Adaptation to chilling: photosynthetic characteristics of the cultivated tomato and a high altitude wild species

Abstract

When tomato plants of the high‐altitude species Lycopersicon hirsutum and of the cultivated Lycopersicon esculentum were grown at 24/18°C (day/night), the effects of temperature, photon flux density, and intercellular CO₂ concentration up to about 600 μl l⁻¹ on net CO₂ uptake were similar in the two species. Acclimation of these plants at 12/6°C (day/night) resulted, after 4 d or longer, in a similar downward shift of about 5°C in the optimum temperature for CO₂ uptake.

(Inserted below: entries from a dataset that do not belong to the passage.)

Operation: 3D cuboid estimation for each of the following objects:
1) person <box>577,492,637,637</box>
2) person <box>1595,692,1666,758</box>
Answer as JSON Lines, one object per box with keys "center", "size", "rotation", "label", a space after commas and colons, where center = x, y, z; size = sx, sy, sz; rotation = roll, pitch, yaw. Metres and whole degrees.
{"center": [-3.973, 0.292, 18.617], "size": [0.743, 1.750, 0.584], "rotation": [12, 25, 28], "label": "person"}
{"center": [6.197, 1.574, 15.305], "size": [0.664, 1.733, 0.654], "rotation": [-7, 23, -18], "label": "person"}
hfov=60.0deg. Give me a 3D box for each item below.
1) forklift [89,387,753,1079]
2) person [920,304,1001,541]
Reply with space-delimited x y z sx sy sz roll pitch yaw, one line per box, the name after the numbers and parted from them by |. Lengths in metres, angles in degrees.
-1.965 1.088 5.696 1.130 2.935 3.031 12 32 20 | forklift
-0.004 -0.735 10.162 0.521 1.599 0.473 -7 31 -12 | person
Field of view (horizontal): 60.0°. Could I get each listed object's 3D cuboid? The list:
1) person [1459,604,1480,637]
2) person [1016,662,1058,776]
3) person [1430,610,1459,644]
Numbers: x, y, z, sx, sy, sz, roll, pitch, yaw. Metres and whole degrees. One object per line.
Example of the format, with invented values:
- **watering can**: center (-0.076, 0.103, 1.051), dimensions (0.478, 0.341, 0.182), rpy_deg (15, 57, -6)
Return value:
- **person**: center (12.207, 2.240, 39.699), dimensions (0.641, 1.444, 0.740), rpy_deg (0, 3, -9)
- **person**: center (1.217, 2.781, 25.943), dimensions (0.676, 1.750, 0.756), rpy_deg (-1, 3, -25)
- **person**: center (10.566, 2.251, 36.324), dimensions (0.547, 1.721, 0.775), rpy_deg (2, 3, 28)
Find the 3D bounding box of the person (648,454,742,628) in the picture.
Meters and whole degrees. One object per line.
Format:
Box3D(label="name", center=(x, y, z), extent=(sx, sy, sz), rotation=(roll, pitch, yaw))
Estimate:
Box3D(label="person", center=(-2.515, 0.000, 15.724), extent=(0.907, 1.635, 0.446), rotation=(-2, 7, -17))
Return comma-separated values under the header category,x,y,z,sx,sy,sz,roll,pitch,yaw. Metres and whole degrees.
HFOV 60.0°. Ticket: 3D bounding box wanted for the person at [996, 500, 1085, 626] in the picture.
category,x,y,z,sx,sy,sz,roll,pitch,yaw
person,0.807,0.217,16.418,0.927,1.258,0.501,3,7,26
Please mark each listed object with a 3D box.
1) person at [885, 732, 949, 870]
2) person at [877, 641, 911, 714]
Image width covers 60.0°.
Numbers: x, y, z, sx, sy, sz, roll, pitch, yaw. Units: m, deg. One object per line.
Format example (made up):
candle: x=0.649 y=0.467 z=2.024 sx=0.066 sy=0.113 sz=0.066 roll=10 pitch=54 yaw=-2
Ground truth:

However, in comparison with the cultivated species, the high‐altitude plants achieved a higher rate of CO₂ uptake at saturating concentrations of intercellular CO₂, maintained a higher level of saturating‐light CO₂ uptake rate at 10°C after exposure to chilling stress (10°C and photon flux density of 400 μmol m⁻²s⁻¹ d and 5°C night) for 7–18 d, and displayed a better capacity for rapid recovery after prolonged stress. The greater capacity for CO₂ uptake observed in the high‐altitude species during and after exposure to chilling stress was also reflected in its higher growth rate under those conditions compared with plants of L. esculentum. These advantages of the high‐altitude species may partly explain its ability to survive and complete its life cycle under the environmental conditions prevailing in its natural habitat.